#### [About this exercise]
Look through the listing below and write out exactly the lines from the line with "# F17 (on face) → F18 (cut)" to the line with "1) For faces", both included, and no others.

#### [Source data]
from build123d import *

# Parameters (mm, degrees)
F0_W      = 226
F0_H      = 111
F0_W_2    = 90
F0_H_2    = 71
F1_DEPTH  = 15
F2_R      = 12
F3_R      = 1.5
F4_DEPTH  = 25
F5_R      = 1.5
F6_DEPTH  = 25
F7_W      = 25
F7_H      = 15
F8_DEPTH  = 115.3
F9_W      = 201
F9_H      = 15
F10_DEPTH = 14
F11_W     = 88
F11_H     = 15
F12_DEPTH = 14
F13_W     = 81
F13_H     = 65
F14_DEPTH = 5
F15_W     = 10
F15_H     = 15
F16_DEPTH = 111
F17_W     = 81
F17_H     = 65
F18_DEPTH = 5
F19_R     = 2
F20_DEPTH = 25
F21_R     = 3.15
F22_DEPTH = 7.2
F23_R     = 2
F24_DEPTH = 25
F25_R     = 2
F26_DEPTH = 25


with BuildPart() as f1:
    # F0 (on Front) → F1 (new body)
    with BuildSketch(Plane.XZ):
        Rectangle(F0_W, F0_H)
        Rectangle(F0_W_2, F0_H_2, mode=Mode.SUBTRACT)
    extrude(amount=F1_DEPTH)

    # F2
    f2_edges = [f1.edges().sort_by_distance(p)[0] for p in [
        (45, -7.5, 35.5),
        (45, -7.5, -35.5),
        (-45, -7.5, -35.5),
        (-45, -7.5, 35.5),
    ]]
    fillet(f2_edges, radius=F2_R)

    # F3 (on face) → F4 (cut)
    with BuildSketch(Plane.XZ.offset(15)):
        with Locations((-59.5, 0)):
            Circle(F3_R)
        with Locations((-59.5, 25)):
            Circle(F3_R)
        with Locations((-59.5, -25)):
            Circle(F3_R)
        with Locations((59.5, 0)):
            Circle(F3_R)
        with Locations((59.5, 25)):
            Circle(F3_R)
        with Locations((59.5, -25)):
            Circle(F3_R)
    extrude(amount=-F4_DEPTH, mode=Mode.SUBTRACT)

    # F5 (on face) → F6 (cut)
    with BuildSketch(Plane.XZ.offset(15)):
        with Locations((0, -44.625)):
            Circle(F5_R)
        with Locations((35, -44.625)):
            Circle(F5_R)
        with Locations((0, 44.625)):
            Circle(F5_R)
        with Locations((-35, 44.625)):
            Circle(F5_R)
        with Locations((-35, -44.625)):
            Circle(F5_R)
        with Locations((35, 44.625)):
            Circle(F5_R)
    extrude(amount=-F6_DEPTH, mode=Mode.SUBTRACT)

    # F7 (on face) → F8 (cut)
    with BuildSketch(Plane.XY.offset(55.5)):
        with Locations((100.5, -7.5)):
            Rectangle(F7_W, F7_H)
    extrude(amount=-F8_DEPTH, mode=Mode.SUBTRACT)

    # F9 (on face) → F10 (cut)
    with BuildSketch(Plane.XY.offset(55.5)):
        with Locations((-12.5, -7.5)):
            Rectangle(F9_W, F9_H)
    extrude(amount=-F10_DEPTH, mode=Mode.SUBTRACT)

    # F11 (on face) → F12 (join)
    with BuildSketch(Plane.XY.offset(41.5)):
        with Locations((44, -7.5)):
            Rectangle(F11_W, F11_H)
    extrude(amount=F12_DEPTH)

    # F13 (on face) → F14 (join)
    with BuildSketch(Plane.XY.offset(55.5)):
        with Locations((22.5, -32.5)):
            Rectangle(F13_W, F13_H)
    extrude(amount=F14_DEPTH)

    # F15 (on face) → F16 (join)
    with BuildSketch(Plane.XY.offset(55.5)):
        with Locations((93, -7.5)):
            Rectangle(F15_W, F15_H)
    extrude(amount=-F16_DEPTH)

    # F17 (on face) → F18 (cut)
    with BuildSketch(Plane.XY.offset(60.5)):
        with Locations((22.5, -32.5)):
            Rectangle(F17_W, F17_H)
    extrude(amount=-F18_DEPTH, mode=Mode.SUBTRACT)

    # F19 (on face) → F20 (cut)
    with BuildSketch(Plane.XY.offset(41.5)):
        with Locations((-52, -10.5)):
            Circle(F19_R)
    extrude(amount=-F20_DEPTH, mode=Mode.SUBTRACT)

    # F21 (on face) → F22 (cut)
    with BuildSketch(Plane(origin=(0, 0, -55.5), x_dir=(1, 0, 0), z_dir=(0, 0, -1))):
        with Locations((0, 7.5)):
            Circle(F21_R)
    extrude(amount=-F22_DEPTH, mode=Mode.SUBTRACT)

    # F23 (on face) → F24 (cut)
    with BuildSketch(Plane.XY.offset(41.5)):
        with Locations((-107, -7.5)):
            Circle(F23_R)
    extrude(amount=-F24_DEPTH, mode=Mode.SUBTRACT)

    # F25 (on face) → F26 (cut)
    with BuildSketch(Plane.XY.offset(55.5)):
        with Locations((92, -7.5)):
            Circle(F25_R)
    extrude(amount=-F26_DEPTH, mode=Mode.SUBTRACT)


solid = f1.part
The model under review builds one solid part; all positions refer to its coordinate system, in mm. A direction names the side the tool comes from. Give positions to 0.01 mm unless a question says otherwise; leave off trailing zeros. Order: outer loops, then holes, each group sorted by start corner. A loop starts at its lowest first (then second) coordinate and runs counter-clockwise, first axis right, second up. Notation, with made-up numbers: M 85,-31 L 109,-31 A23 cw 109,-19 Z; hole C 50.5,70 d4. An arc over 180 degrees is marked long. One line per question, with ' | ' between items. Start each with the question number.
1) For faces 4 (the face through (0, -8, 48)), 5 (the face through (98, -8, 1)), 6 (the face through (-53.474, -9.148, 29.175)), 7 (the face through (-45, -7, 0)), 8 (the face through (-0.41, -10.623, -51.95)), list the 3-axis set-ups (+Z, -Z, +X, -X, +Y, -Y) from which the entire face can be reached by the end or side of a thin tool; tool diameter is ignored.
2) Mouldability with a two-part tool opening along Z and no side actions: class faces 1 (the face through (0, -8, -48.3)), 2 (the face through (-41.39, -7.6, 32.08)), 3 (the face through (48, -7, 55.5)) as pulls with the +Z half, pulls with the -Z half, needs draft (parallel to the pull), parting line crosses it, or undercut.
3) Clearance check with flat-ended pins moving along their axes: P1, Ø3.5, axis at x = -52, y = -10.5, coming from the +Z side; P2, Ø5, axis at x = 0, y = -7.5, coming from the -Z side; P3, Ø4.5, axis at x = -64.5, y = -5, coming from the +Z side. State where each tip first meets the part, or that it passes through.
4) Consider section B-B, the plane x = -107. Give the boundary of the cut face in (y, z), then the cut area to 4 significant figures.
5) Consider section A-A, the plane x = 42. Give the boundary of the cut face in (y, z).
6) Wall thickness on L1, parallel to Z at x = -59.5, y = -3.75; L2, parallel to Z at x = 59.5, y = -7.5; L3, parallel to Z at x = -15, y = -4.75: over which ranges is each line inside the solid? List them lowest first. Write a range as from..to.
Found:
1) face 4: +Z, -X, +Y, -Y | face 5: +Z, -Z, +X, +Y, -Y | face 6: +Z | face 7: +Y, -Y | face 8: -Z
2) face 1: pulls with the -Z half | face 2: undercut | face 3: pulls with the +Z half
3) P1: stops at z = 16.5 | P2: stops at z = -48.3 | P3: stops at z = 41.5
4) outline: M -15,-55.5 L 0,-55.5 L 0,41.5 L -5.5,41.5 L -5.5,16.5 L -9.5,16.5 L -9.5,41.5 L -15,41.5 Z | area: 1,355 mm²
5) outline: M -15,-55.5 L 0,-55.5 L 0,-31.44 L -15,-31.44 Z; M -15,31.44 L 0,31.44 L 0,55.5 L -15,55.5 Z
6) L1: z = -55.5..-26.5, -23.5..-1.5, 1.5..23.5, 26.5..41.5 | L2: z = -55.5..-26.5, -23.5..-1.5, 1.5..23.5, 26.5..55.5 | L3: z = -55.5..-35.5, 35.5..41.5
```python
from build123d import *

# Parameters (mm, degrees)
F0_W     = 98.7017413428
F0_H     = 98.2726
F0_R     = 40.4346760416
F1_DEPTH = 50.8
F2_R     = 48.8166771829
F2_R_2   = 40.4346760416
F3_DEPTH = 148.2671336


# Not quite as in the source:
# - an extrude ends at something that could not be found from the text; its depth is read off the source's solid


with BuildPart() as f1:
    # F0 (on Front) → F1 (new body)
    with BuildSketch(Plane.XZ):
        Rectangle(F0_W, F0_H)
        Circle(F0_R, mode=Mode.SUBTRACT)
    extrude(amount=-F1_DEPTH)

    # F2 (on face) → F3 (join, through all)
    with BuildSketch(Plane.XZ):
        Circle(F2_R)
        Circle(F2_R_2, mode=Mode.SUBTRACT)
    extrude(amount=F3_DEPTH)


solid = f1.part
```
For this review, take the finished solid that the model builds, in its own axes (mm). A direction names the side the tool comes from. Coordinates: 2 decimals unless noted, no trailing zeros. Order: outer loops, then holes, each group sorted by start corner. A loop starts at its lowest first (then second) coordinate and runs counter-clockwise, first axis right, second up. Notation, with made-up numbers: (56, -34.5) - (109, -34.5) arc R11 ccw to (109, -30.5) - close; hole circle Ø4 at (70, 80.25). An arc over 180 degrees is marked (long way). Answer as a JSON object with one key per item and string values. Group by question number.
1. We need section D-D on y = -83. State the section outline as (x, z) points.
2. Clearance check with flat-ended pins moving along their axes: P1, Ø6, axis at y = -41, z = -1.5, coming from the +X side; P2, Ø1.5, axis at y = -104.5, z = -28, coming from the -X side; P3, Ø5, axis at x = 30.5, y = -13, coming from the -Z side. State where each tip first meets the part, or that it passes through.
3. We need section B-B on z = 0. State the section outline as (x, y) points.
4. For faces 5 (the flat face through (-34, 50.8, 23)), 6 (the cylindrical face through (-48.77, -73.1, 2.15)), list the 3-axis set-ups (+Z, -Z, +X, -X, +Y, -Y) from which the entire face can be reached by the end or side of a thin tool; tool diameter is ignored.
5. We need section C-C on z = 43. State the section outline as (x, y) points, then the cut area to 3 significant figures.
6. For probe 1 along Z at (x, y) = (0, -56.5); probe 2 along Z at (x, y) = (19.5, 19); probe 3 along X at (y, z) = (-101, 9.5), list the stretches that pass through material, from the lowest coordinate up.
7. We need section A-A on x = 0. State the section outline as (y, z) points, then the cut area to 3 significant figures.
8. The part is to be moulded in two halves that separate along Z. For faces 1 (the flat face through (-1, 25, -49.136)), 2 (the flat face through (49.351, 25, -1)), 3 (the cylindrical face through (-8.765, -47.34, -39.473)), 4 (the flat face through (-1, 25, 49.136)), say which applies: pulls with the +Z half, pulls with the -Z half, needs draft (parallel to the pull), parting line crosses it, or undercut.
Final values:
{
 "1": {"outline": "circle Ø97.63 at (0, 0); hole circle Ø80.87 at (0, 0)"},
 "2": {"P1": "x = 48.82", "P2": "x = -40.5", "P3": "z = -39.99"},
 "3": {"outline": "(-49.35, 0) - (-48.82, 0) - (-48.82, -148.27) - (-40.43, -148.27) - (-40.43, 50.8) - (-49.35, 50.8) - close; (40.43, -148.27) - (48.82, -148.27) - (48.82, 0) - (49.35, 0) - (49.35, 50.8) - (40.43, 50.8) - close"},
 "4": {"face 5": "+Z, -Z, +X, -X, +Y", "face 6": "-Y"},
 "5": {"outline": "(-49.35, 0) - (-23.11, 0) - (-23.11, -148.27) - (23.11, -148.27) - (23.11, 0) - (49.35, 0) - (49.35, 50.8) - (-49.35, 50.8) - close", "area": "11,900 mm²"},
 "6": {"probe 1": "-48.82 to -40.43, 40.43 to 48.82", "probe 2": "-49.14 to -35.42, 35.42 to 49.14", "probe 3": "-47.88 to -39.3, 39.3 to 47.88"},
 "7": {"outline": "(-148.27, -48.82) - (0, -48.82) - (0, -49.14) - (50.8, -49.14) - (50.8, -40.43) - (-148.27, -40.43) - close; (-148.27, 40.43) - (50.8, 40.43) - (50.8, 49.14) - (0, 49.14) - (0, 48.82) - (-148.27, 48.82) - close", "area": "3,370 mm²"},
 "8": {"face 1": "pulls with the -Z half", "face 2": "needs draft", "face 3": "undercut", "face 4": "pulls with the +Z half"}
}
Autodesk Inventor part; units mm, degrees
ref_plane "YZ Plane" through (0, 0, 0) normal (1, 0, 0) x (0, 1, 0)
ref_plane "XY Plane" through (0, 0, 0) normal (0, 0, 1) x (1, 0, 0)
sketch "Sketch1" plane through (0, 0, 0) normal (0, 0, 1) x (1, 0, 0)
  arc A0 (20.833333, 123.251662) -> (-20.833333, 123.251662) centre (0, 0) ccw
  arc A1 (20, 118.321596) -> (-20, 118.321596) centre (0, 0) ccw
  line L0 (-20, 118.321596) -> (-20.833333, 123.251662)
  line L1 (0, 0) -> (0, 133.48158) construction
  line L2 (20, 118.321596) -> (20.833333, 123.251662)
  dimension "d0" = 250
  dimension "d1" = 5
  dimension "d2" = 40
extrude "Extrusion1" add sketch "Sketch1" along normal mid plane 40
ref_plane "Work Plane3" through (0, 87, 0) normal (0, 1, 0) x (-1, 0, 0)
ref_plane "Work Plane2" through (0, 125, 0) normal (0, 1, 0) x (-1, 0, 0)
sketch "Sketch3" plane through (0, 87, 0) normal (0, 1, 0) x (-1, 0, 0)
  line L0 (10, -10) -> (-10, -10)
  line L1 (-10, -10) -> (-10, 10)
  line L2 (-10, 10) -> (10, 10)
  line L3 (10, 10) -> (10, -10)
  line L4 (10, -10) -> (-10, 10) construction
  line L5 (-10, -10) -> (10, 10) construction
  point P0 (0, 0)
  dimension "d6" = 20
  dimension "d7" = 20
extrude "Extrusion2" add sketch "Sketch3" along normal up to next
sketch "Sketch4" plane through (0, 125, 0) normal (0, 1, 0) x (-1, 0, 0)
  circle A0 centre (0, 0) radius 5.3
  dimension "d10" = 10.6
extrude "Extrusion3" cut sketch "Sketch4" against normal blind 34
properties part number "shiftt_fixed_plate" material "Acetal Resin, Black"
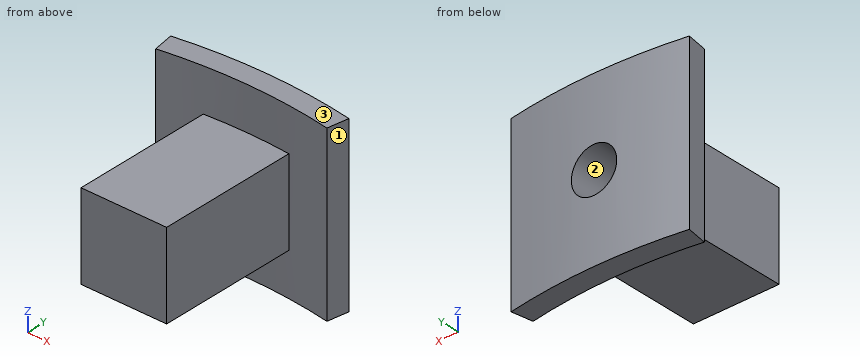
Here's how the part is built. I have some questions about the finished solid (model axes, mm). Face numbers are marked on the shaded views. Round coordinates to 2 decimals unless told otherwise and drop trailing zeros. Loops run counter-clockwise (first coordinate to the right, second up) from the corner with the lowest first, then second, coordinate; pieces in that order, holes last. Notation, with made-up numbers: M -13,-29 L 8,-29 A14 cw 8,-7 Z; hole C 89,8.25 d9. An arc over 180 degrees is marked long. Write each question's results on one line, items separated by ' | '. Start each with the question number.
(1) I want a section at C-C (z = -2). Please give me the cut outline in (x, y), then the cut area to 3 significant figures.
(2) I want a section at D-D (x = 9). Please give me the cut outline in (y, z).
(3) I want a section at A-A (y = 96.5). Please give me the cut outline in (x, z).
(4) I want a section at B-B (x = 0). Please give me the cut outline in (y, z), then the cut area to 3 significant figures.
(5) Will these pins go through, and if not, where does the flat tip stop? P1, Ø6, axis at x = 4, y = 103.5, coming from the +Z side; P2, Ø10, axis at y = 117.5, z = 8, coming from the -X side; P3, Ø12, axis at y = 94.5, z = -14.5, coming from the -X side.
(6) Thinking about a two-plate mould opening in X: for the marked faces 1, 2 and 3, which applies, pulls with the +X half, pulls with the -X half, needs draft (parallel to the pull), parting line crosses it, or undercut?
(7) If I drill on probe 1 along Z at (x, y) = (0, 112); probe 2 along Y at (x, z) = (-0.5, 7.5), over which ranges is the centre line in solid material (lowest first)? Write a range as from..to.
Solved:
1) outline: M -20.83,123.25 L -20,118.32 A120 cw -10,119.58 L -10,87 L 10,87 L 10,119.58 A120 cw 20,118.32 L 20.83,123.25 A125 ccw 4.91,124.9 L 4.91,91 L -4.91,91 L -4.91,124.9 A125 ccw Z | area: 529 mm²
2) outline: M 87,-10 L 119.66,-10 L 119.66,-20 L 124.68,-20 L 124.68,20 L 119.66,20 L 119.66,10 L 87,10 Z
3) outline: M -10,-10 L 10,-10 L 10,10 L -10,10 Z; hole C 0,0 d10.6
4) outline: M 87,-10 L 120,-10 L 120,-20 L 125,-20 L 125,-5.3 L 91,-5.3 L 91,5.3 L 125,5.3 L 125,20 L 120,20 L 120,10 L 87,10 Z | area: 500 mm²
5) P1: stops at z = 10 | P2: stops at x = -20.71 | P3: stops at x = -10
6) face 1: pulls with the +X half | face 2: undercut | face 3: needs draft
7) probe 1: z = -10..-5.3, 5.3..10 | probe 2: y = 87..125
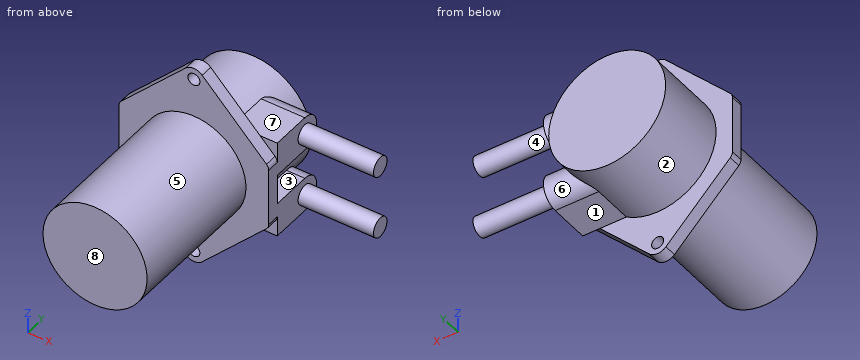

#### [Written solution]
    # F17 (on face) → F18 (cut)
    with BuildSketch(Plane.XY.offset(60.5)):
        with Locations((22.5, -32.5)):
            Rectangle(F17_W, F17_H)
    extrude(amount=-F18_DEPTH, mode=Mode.SUBTRACT)

    # F19 (on face) → F20 (cut)
    with BuildSketch(Plane.XY.offset(41.5)):
        with Locations((-52, -10.5)):
            Circle(F19_R)
    extrude(amount=-F20_DEPTH, mode=Mode.SUBTRACT)

    # F21 (on face) → F22 (cut)
    with BuildSketch(Plane(origin=(0, 0, -55.5), x_dir=(1, 0, 0), z_dir=(0, 0, -1))):
        with Locations((0, 7.5)):
            Circle(F21_R)
    extrude(amount=-F22_DEPTH, mode=Mode.SUBTRACT)

    # F23 (on face) → F24 (cut)
    with BuildSketch(Plane.XY.offset(41.5)):
        with Locations((-107, -7.5)):
            Circle(F23_R)
    extrude(amount=-F24_DEPTH, mode=Mode.SUBTRACT)

    # F25 (on face) → F26 (cut)
    with BuildSketch(Plane.XY.offset(55.5)):
        with Locations((92, -7.5)):
            Circle(F25_R)
    extrude(amount=-F26_DEPTH, mode=Mode.SUBTRACT)


solid = f1.part
The model under review builds one solid part; all positions refer to its coordinate system, in mm. A direction names the side the tool comes from. Give positions to 0.01 mm unless a question says otherwise; leave off trailing zeros. Order: outer loops, then holes, each group sorted by start corner. A loop starts at its lowest first (then second) coordinate and runs counter-clockwise, first axis right, second up. Notation, with made-up numbers: M 85,-31 L 109,-31 A23 cw 109,-19 Z; hole C 50.5,70 d4. An arc over 180 degrees is marked long. One line per question, with ' | ' between items. Start each with the question number.
1) For faces 4 (the face through (0, -8, 48)), 5 (the face through (98, -8, 1)), 6 (the face through (-53.474, -9.148, 29.175)), 7 (the face through (-45, -7, 0)), 8 (the face through (-0.41, -10.623, -51.95)), list the 3-axis set-ups (+Z, -Z, +X, -X, +Y, -Y) from which the entire face can be reached by the end or side of a thin tool; tool diameter is ignored.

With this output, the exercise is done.